What is expected.
Copy all entries verbatim and keep any pictures out of the copy.

Data extracted from a collection.
══════════════════════════════

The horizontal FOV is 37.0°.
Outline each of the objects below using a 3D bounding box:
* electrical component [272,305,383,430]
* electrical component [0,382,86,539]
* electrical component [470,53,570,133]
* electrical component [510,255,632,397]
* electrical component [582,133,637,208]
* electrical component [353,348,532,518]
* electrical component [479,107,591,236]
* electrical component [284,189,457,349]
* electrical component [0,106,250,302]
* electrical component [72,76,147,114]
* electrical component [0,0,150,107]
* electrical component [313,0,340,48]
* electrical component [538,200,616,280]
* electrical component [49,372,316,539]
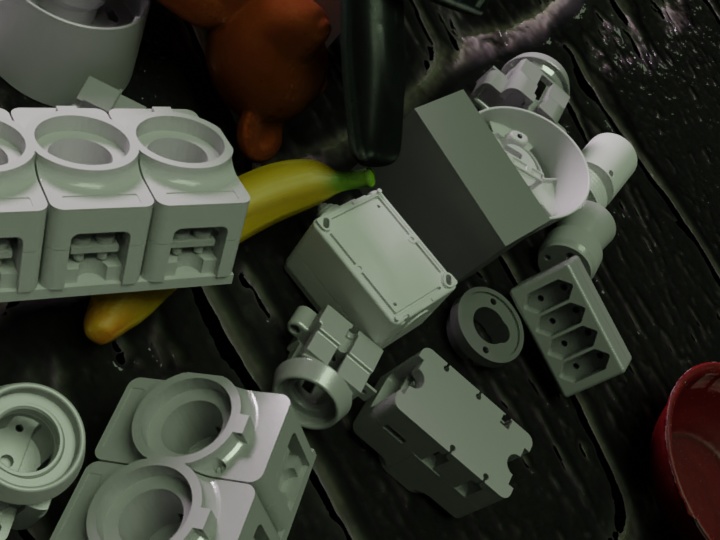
[{"bbox_3d":[-0.022,0.060,0.629,0.066,0.048,0.055,40,41,-9],"label":"electrical component"},{"bbox_3d":[-0.164,0.087,0.507,0.058,0.057,0.078,26,53,-20],"label":"electrical component"},{"bbox_3d":[0.129,-0.131,0.832,0.078,0.058,0.057,39,52,-10],"label":"electrical component"},{"bbox_3d":[0.152,0.035,0.759,0.083,0.047,0.076,63,23,2],"label":"electrical component"},{"bbox_3d":[0.182,-0.070,0.843,0.043,0.043,0.081,48,48,-3],"label":"electrical component"},{"bbox_3d":[0.047,0.100,0.645,0.089,0.056,0.050,41,49,-8],"label":"electrical component"},{"bbox_3d":[0.108,-0.069,0.777,0.099,0.064,0.099,17,56,-27],"label":"electrical component"},{"bbox_3d":[0.000,0.000,0.671,0.062,0.061,0.096,-29,75,-41],"label":"electrical component"},{"bbox_3d":[-0.142,-0.039,0.535,0.150,0.061,0.089,-5,40,-30],"label":"electrical component"},{"bbox_3d":[-0.143,-0.074,0.621,0.055,0.048,0.066,26,53,-11],"label":"electrical component"},{"bbox_3d":[-0.177,-0.154,0.646,0.099,0.064,0.099,19,43,-18],"label":"electrical component"},{"bbox_3d":[-0.014,-0.221,0.762,0.062,0.089,0.150,39,49,-10],"label":"electrical component"},{"bbox_3d":[0.161,-0.019,0.799,0.045,0.045,0.055,43,49,-7],"label":"electrical component"},{"bbox_3d":[-0.090,0.127,0.502,0.089,0.061,0.150,4,49,20],"label":"electrical component"}]

══════════════════════════════

Answer for this exercise.
The horizontal FOV is 37.0°.
Outline each of the objects below using a 3D bounding box:
* electrical component [272,305,383,430]
* electrical component [0,382,86,539]
* electrical component [470,53,570,133]
* electrical component [510,255,632,397]
* electrical component [582,133,637,208]
* electrical component [353,348,532,518]
* electrical component [479,107,591,236]
* electrical component [284,189,457,349]
* electrical component [0,106,250,302]
* electrical component [72,76,147,114]
* electrical component [0,0,150,107]
* electrical component [313,0,340,48]
* electrical component [538,200,616,280]
* electrical component [49,372,316,539]
[{"bbox_3d":[-0.022,0.060,0.629,0.066,0.048,0.055,40,41,-9],"label":"electrical component"},{"bbox_3d":[-0.164,0.087,0.507,0.058,0.057,0.078,26,53,-20],"label":"electrical component"},{"bbox_3d":[0.129,-0.131,0.832,0.078,0.058,0.057,39,52,-10],"label":"electrical component"},{"bbox_3d":[0.152,0.035,0.759,0.083,0.047,0.076,63,23,2],"label":"electrical component"},{"bbox_3d":[0.182,-0.070,0.843,0.043,0.043,0.081,48,48,-3],"label":"electrical component"},{"bbox_3d":[0.047,0.100,0.645,0.089,0.056,0.050,41,49,-8],"label":"electrical component"},{"bbox_3d":[0.108,-0.069,0.777,0.099,0.064,0.099,17,56,-27],"label":"electrical component"},{"bbox_3d":[0.000,0.000,0.671,0.062,0.061,0.096,-29,75,-41],"label":"electrical component"},{"bbox_3d":[-0.142,-0.039,0.535,0.150,0.061,0.089,-5,40,-30],"label":"electrical component"},{"bbox_3d":[-0.143,-0.074,0.621,0.055,0.048,0.066,26,53,-11],"label":"electrical component"},{"bbox_3d":[-0.177,-0.154,0.646,0.099,0.064,0.099,19,43,-18],"label":"electrical component"},{"bbox_3d":[-0.014,-0.221,0.762,0.062,0.089,0.150,39,49,-10],"label":"electrical component"},{"bbox_3d":[0.161,-0.019,0.799,0.045,0.045,0.055,43,49,-7],"label":"electrical component"},{"bbox_3d":[-0.090,0.127,0.502,0.089,0.061,0.150,4,49,20],"label":"electrical component"}]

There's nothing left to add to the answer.